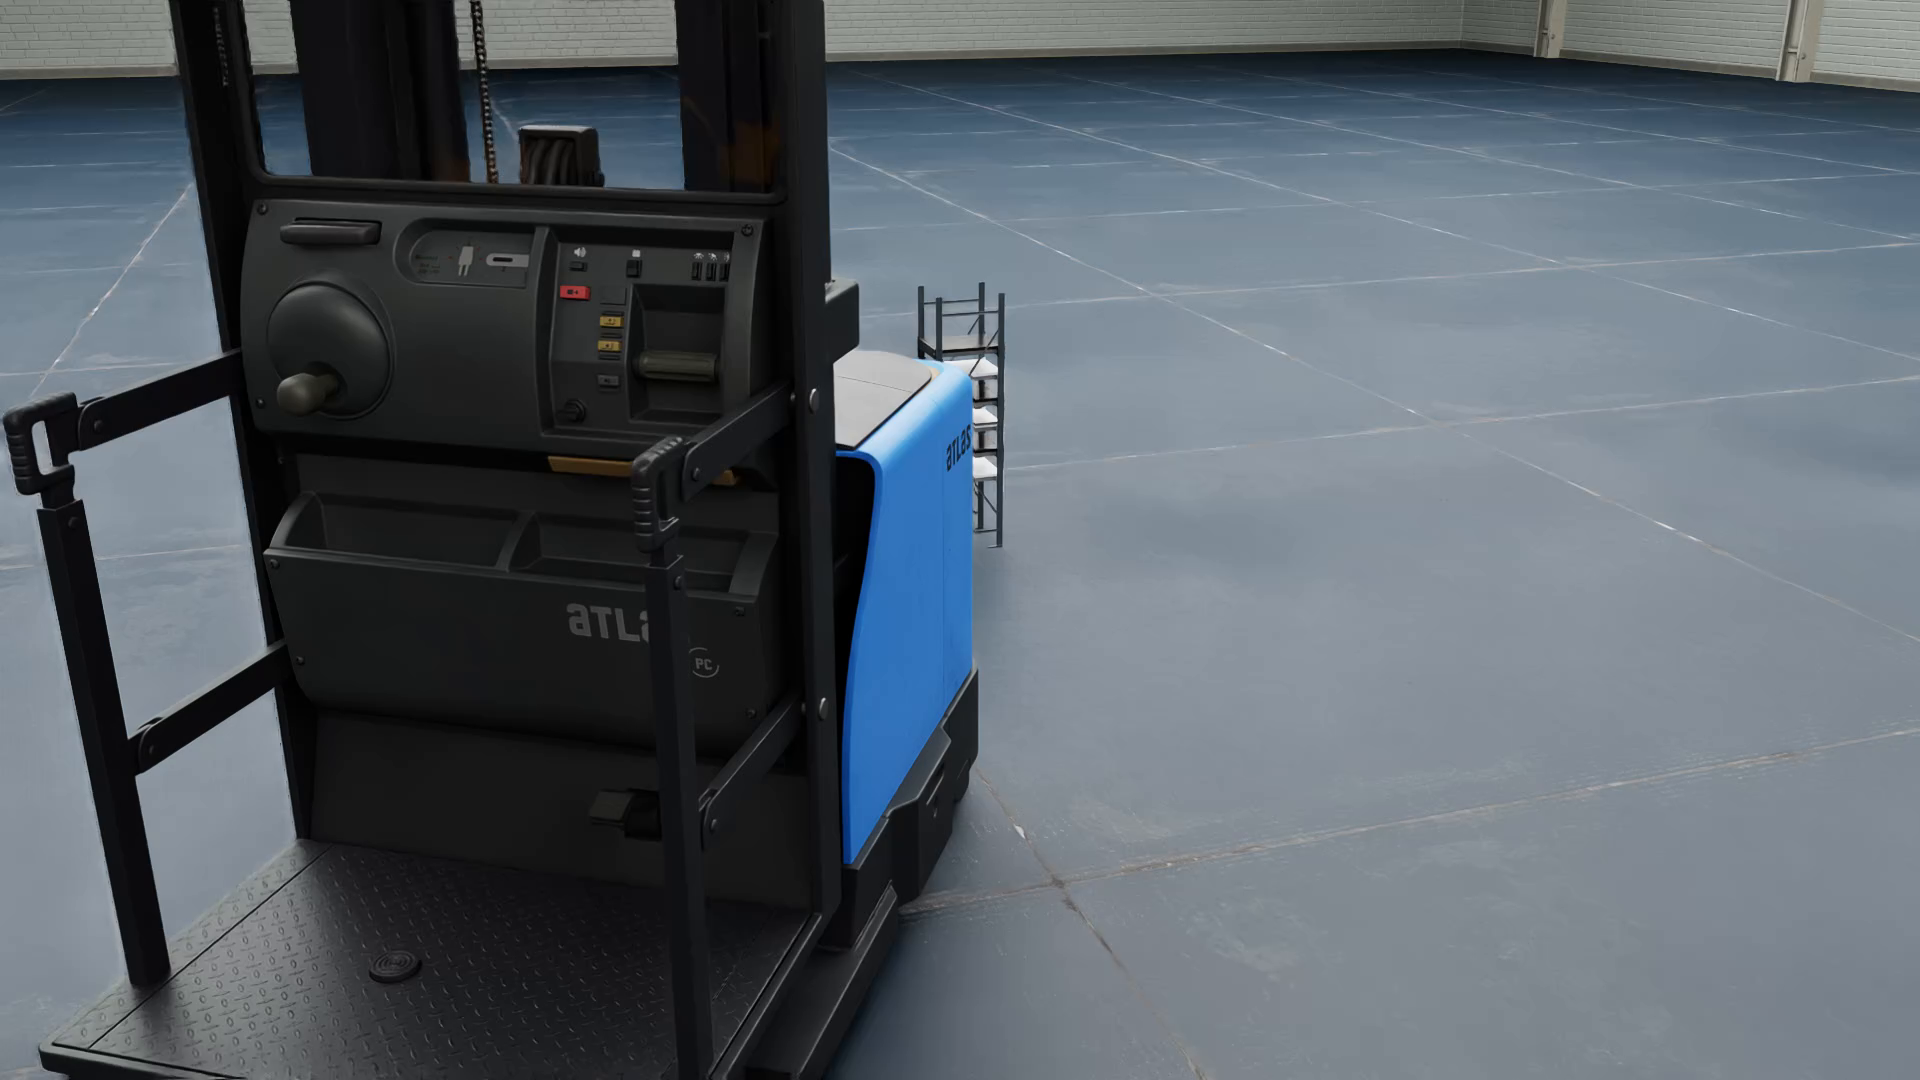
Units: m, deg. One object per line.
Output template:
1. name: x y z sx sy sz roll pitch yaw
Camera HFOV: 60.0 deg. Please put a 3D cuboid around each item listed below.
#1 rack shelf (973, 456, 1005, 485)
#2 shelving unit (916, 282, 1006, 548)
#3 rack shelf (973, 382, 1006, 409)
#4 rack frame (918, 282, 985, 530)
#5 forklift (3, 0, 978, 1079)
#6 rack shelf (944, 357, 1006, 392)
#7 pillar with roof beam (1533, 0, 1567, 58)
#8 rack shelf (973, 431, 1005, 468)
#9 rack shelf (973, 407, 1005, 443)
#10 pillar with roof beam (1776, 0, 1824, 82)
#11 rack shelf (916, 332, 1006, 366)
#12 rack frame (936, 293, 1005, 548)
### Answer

┄┄┄┄┄┄┄┄┄┄┄┄┄┄┄┄┄┄┄┄

### Task requirements
Above are the records; transcribe them exactly without the pictures.

### Exercise output
Units: m, deg. One object per line.
Output template:
1. name: x y z sx sy sz roll pitch yaw
Camera HFOV: 60.0 deg. Please put a 3D cuboid around each item listed below.
#1 rack shelf (973, 456, 1005, 485)
#2 shelving unit (916, 282, 1006, 548)
#3 rack shelf (973, 382, 1006, 409)
#4 rack frame (918, 282, 985, 530)
#5 forklift (3, 0, 978, 1079)
#6 rack shelf (944, 357, 1006, 392)
#7 pillar with roof beam (1533, 0, 1567, 58)
#8 rack shelf (973, 431, 1005, 468)
#9 rack shelf (973, 407, 1005, 443)
#10 pillar with roof beam (1776, 0, 1824, 82)
#11 rack shelf (916, 332, 1006, 366)
#12 rack frame (936, 293, 1005, 548)
### Answer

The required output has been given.